On the web, all operators have created their own space. It is necessary to diversify the offer. Two elements have been mentioned (reputation and expert medical staff), but there are other ones, among which the price of the services, related services such as hospitality, the relationship with insurance companies, specialization, the number of scientific publications and the effectiveness of the treatments. Internet offers everyone the opportunity to know.
In this matter, facts are relevant. Let’s stop for a minute. In this article we are speaking about a normal marketing strategy which is adaptable to all businesses. Definition of the target, construction of a coherent offer, adequate price, coherence… But a hospital takes care about our health, which is not a consumer good. “It is wise not to fall in the trap of a romantic vision of the sanitary system”, suggests Ignazio Cassis. “Every citizen in Switzerland spends about 8,000 francs every year for medical treatments: this generates a market of 65 billions francs which employs more than 10% of the active population in Switzerland. This important economic situation does not leave much space to nostalgic visions of a charitable deed to the others”.

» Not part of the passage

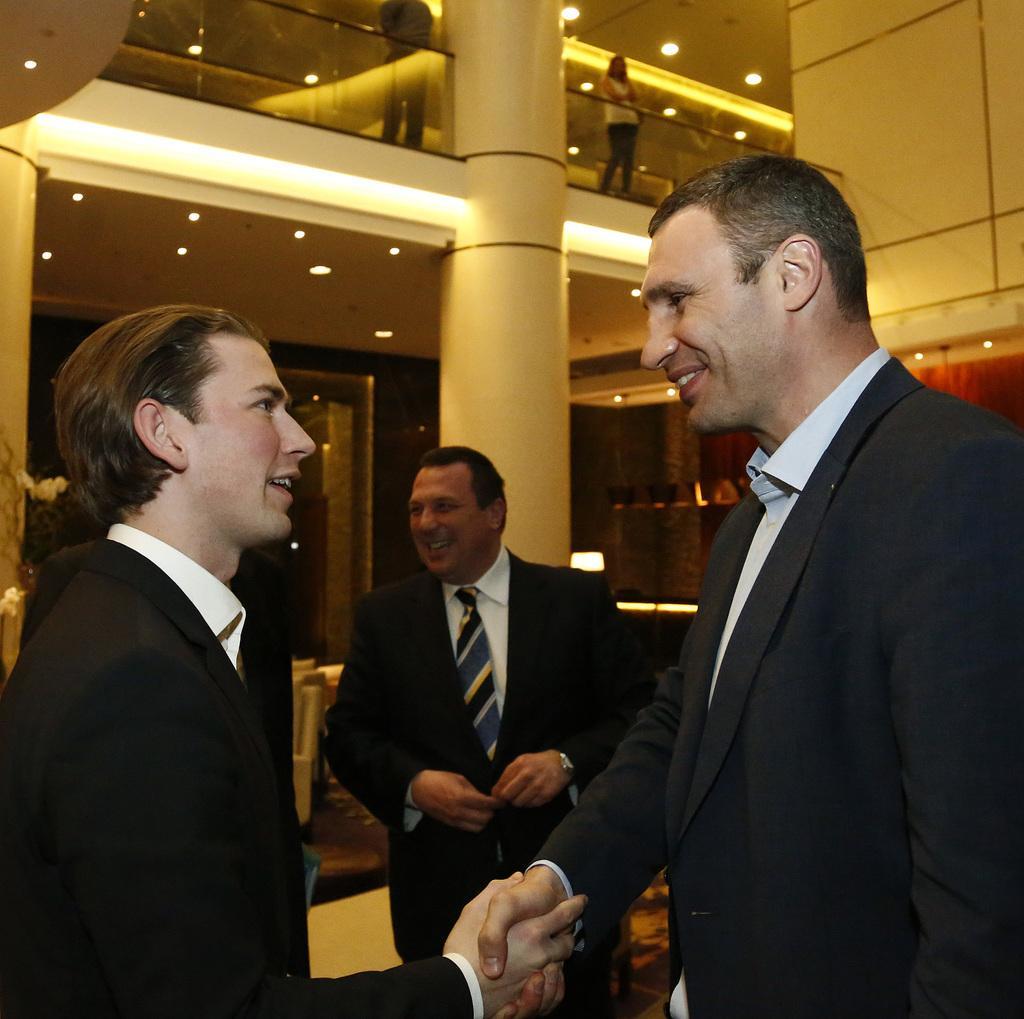Describe this image in one or two sentences. In this picture, we can see a few people, among them two are shaking their hands, we can see the roof with lights, and we can see pillars, and an object on the left side of the picture.

Hospitals offer a special kind of service. They must consider the target’s high sensitivity at the time in which they come in contact with the facility. Clinics often try to make healthy patients familiar with the theme (through prevention), in order to get them “ready” in the case they got in direct contact with the disease.
Positive experience (for example an excellent prevention visit) strengthens the reputation of the hospital and hence its brand.
If a hospital doesn’t have “a brand”, every action could seem to be too much business-oriented. In the healthcare sector, what seems to be so annoys the patients. Patients do not want to be treated as customers. For this reason it is important that in the health service the brand is stronger than the commercial offer, so that the “negative” sides are covered and the commercial content is hidden
behind a process of “suggestions for patients and good practises”.
For example, “Dedicate yourself an afternoon for prevention” could be a clearly commercial slogan (come and visit us for a check-up) or a good friend’s suggestion (prevention is better than cure).
People have good memory on facts that touch them on a personal level. For this reason, a hospital cannot draw upon campaigns that are shamelessly commercial: the audience would not forget the mistake.
As I have often written on this magazine, a brand must be managed. The owner must be able to handle its own reputation with care and perfection. In the commercial world the “rule of the three proofs” is well-known. 1) The item must be chosen for the excellence of the communication; 2) The item must be chosen on the point of sale; 3) The item must meet the customer’s tastes so that after the first consumption he will buy it again.
Let’s leave for a moment the fascinating debate on the role of communication (is communication substance or not?) and even that of the competition among brands (why is one better than another?).
Let’s concentrate on facts: the customer’s satisfaction.
The key to success of health marketing lies in the comprehension of the client’s expectations, his worries, aspirations, personality, behaviour and lifestyle. A good example is given by Flavio Nascè, Director of Commercial Development of Humanitas Clinical Institute in Milan. He states that “the marketing service of a hospital needs a strong brand, and a strong brand cannot be built without excellent services to the patient”. He adds: “Another aspect which in my view must be communicated is the continuity of the treatment. For example, in orthopaedic, cardiologic and neurosurgical fields, beyond the operation we are able to offer to patients a complete rehabilitative path, from first rehabilitation soon after the operation to specific hospitalizations for cases that need a specialist recovery. This path is supported by a well-advanced physiotherapy department and a multidisciplinary approach to the patient”.